Very large movie projects, such as feature films and documentaries with high shooting
ratios (meaning most of the footage shot during production will not be used in the final
movie), may contain thousands of clips. Although the number of clips and sequences
you can store in a project is theoretically unlimited, Final Cut Pro may take longer to
search, sort, and update if there are too many clips.

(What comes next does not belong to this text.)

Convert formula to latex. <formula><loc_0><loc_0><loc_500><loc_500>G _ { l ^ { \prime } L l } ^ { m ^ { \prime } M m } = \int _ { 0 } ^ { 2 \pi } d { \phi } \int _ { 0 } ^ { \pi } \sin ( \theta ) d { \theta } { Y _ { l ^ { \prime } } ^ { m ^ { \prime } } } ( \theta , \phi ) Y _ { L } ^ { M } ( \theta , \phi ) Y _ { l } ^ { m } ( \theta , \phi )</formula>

If you find that managing your project
is becoming difficult, you can always break one project into several for the early editing
stages.
Using More Than One Sequence in a Project
For some projects, it makes sense to use several different sequences within the project.
You can use sequences in several ways, including:
Sequences as scenes: Break a movie into a series of separate sequences for each scene.
Sequences as versions: Edit different versions of the same movie, with each as its own
sequence. Examples are a television commercial with several alternative sound mixes,
or a documentary cut to feature film length as well as broadcast television length.
Sequences for special effects: This allows you to separate elaborate effects shots in
separate sequences so you can render them separately.